Infrastructure as Code is setting up software infrastructure entirely through version controller code. Infrastructure as Code (IaC) enables developers to create a consistent and repeatable infrastructure where each change can be reviewed and versioned through version control systems. (Github, Gitlab, etc.)
Multiple offerings provide Infrastructure as Code (IaC):

Terraform Link to heading

  • Terraform is the leading choice for setting up Infrastructure as Code (IaC).
  • Terraform is open source software (OSS) which Hashicorp maintains.
  • Terraform uses HCL (Hashicorp Configuration Language), a declarative language for setting up infrastructure. It is also used for configuring other tools like Hashicorp’s Packer, which is used to create VM images and Hashicorp’s Nomad which is used for container orchestration.
  • Terraform has providers for all major cloud offerings (AWS, GCP, Azure).

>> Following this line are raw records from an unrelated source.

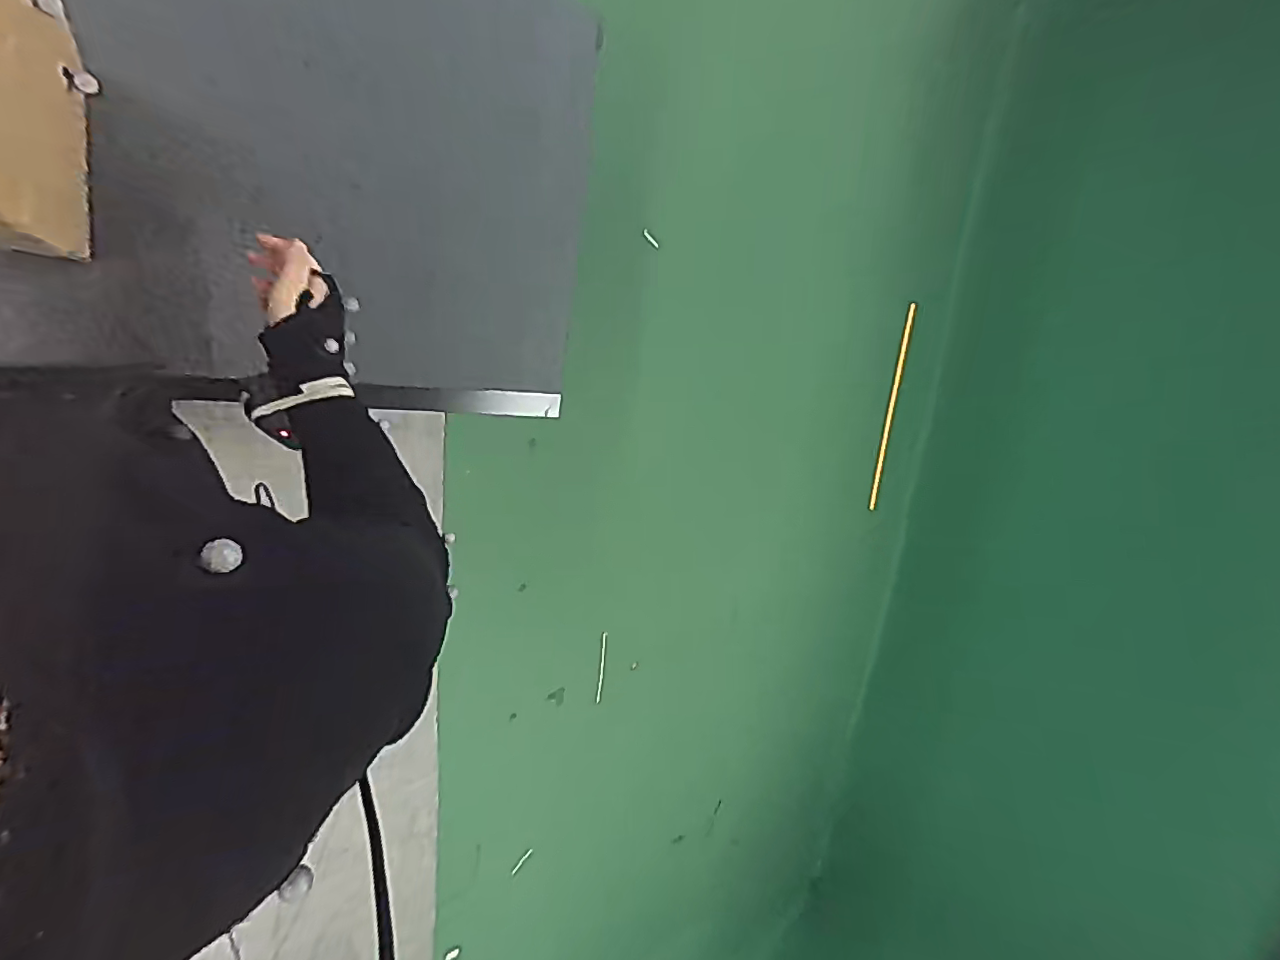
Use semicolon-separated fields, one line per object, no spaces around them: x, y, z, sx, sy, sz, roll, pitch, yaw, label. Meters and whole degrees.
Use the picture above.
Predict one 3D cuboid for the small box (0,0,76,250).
-0.527;-0.280;0.380;0.168;0.176;0.179;0;102;-41;small box
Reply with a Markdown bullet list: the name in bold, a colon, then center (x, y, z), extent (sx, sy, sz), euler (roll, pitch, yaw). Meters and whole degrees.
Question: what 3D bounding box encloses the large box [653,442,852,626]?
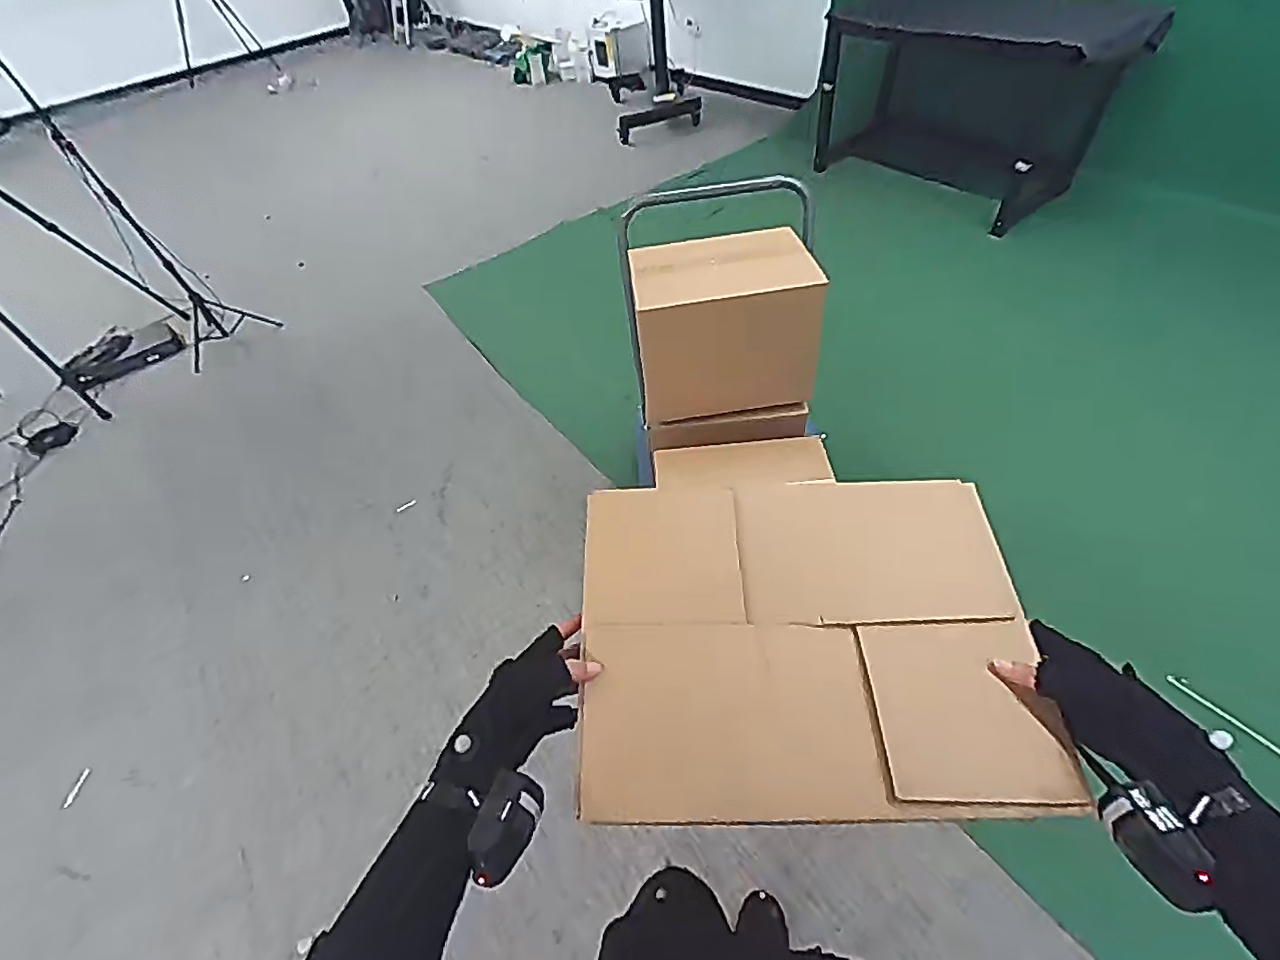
- **large box**: center (0.247, 0.138, 1.326), extent (0.408, 0.320, 0.320), euler (-4, 48, 3)

Terraform also has providers for tools like Helm, Kubernetes, etc.
  • Terraform allows developers to write their providers in Golang for provisioning infrastructure.

Pulumi Link to heading

  • Pulumi is another offering for setting up Infrastructure as Code (IaC).
  • Pulumi is open source software (OSS) maintained by the Pulumi team.
  • Pulumi allows you to write IaC in the programming language of your choice (Typescript, Golang, Python, Java, C#, YAML).
  • Since Pulumi is programmatic, it allows more flexibility for setting infrastructure provisioning automation and testability.

Other tools, like Ansible, Chef, Puppet, etc., can also be used to provision infrastructure, but they are not strictly IaC. These tools are better with platform orchestration and configuration management.

Best practices Link to heading

Everything IaC or nothing IaC Link to heading

Once you migrate to using IaC, ensure all your infrastructure is provisioned and managed through IaC. There should be no manual infrastructure provisioning. Manual infrastructure provisioning and changes can lead to the following problems:

  1. The state of your IaC providing can get messed up. You would have to manually update the state by importing the changes, and errors start to pile up every time changes in infrastructure are planned and applied.
  2. Manual changes defeat the purpose of IaC. IaC is intended to ensure all changes are version-controlled and peer-reviewed before they are applied. Manual changes are the complete opposite of the IaC ideology.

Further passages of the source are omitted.